MAE, MSE, RMSE errors, and coefficient of correlation R between predicted and actual values of the heat flow using ANN-GEO, ANN-CSA, ANN-PSO, ANN-GA and ANN.

Figure 9
figure 9

MAE, MSE, RMSE errors, and coefficient of correlation R between predicted and actual values of the wetting time using ANN-GEO, ANN-CSA, ANN-PSO, ANN-GA and ANN.

Figure 10
figure 10

MAE, MSE, RMSE errors, and coefficient of correlation R between predicted and actual values of the accumulative One-way transport index using ANN-GEO, ANN-CSA, ANN-PSO, ANN-GA and ANN.

For all used optimized models, the performance MSE convergence characteristics have been shown in Fig. 11, where ANN-GEO is in blue, ANN-PSO is in red, ANN-CSA is in red, and ANN-GA is in mauve. We observed that the proposed MLP-GEO model provided the best results with lower MSE values as compared to ANN-PSO, ANN-CSA and ANN-GA for all thermophysiological properties.

Figure 11
figure 11

Performance MSE convergence characteristics for ANN-GEO, ANN-CSA, ANN-PSO and ANN-GA.
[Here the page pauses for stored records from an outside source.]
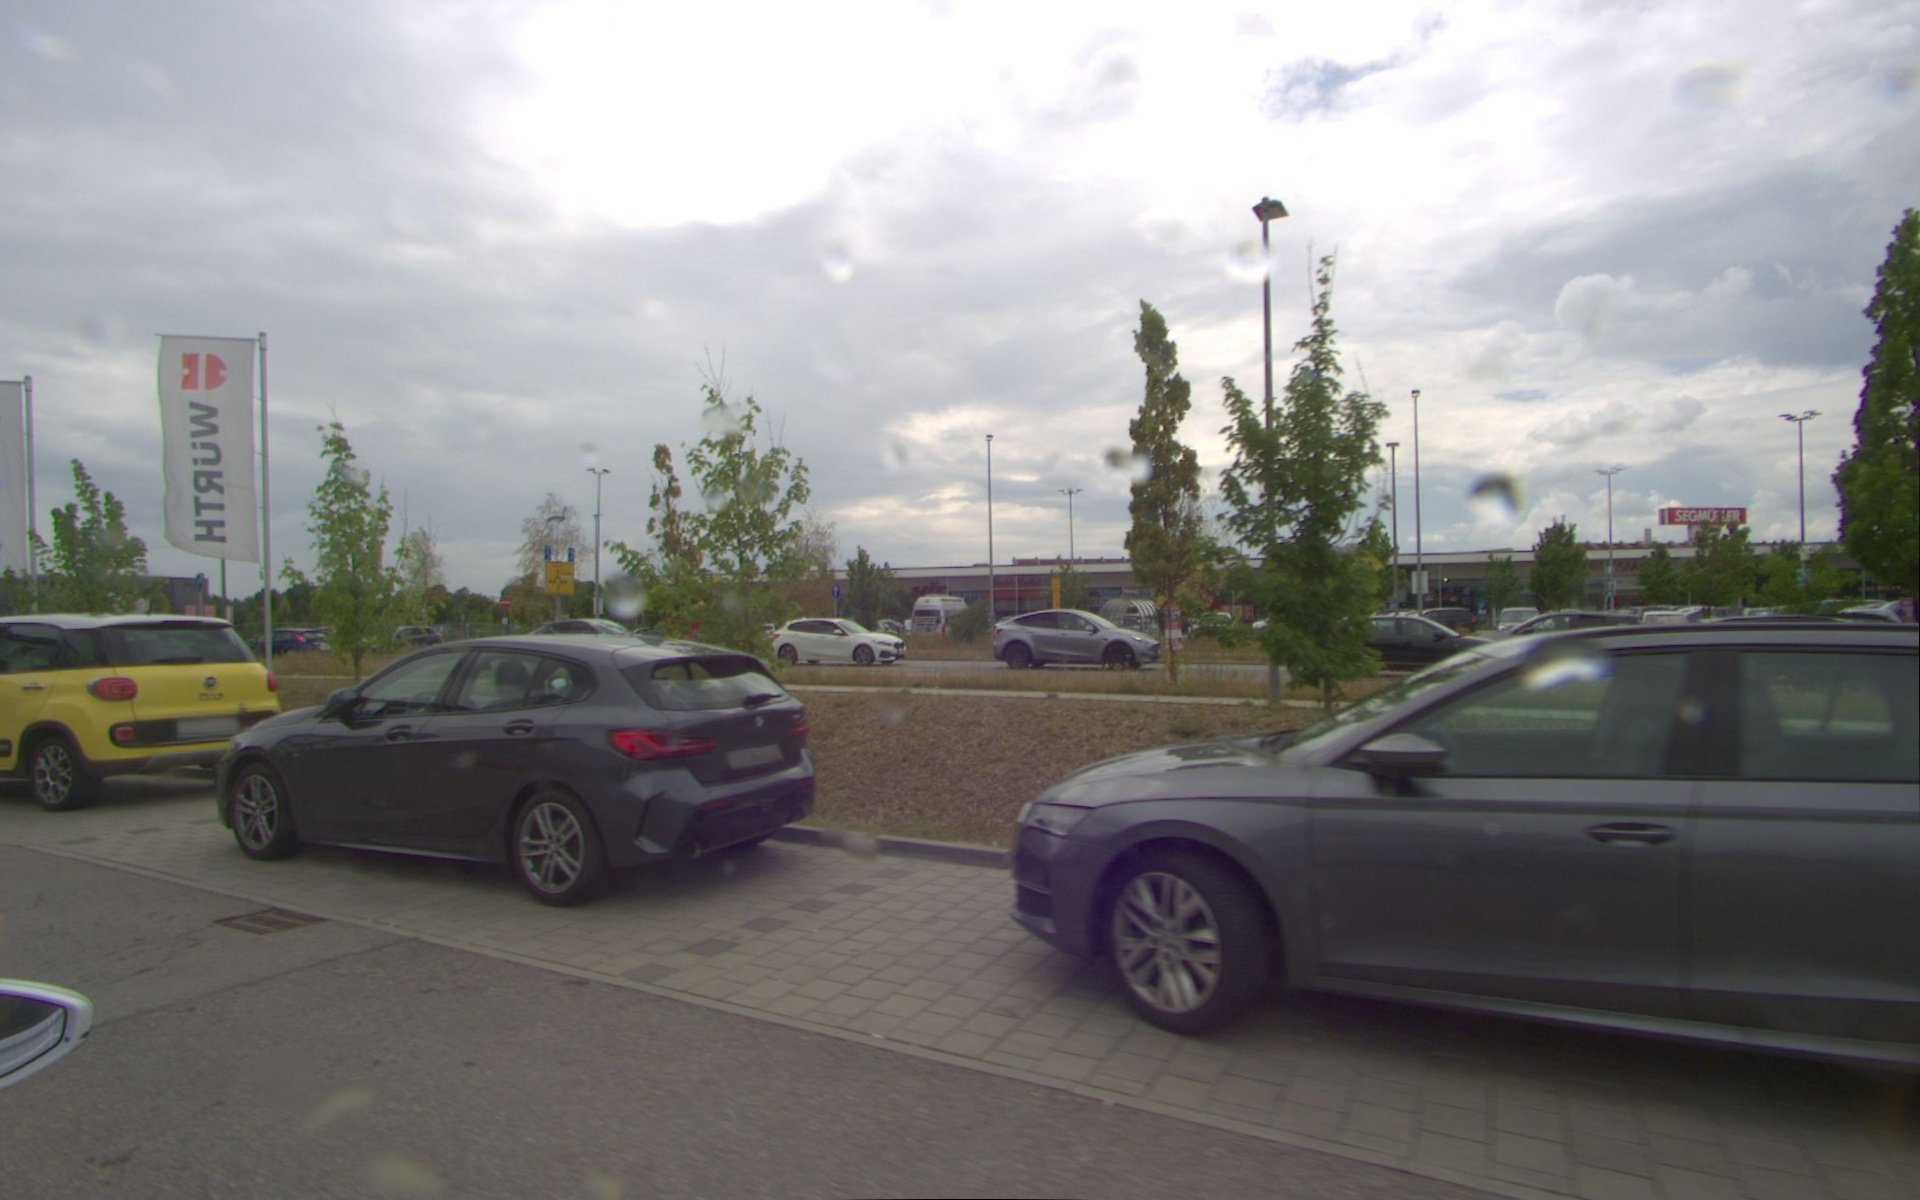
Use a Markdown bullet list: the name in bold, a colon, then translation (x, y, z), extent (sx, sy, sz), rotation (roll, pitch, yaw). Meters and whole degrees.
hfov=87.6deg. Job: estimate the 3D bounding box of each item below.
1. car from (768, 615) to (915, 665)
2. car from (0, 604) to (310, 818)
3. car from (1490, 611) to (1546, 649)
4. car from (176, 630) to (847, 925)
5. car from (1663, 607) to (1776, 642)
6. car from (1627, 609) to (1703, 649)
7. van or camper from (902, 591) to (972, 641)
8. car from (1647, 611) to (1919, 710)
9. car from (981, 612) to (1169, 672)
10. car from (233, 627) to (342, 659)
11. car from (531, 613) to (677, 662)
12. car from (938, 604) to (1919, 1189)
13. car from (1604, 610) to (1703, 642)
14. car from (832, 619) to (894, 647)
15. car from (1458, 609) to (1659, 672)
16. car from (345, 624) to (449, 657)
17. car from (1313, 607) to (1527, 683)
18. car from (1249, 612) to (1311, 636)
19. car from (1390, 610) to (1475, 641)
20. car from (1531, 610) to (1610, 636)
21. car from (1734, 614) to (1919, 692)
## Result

Robustness assessment One-way ANOVA was performed to evaluate the effectiveness of predicted results using ANN-GEO, ANN-PSO, ANN-GA, ANN-CSA, ANN, MLR and experiment data. ANOVA is a statistical method aims to determine the correlation between variables and predicted results of ZnO coated fabrics. The results of each comfort property obtained by ANN-GEO, ANN-CSA, ANN-PSO, ANN-GA, ANN, MLR and experimental are illustrated in Table 3. It is observed that ANN-GEO model was more significant as compared to other models as it provide minimum \(p-\)value.

Table 3 Analysis report of the predicted values using ANN, ANN-CSA, ANN-PSO, ANN-GA, and ANN-GEO as well as the experimental values for the thermophysiological comfort properties NPs coated fabrics.

Conclusions

In this work, ANN-GEO is introduced as a novel model to enhance the prediction accuracy. ANN-GEO model is a combination of metaheuristics algorithms where GEO is employed for the first time to ameliorate the training process of ANN. ANN-GEO is used for the prediction of thermophysiological comfort of ZnO coated fabrics. The obtained results demonstrated that ANN-GEO model exhibits an efficient prediction accuracy (\(R>99\% \)) over standard ANN, ANN-PSO, ANN-CSA, ANN-GA and conventional MLR. Moreover, ANN-GEO showed lower error in terms of MAE, MSE and RMSE. ANN-GEO showed more statistical significant (\(p< 0.01147 \)) than other models. The findings of this study reveal that ANN-GEO can efficaciously be used for prediction as well as for classification of nanocomposites.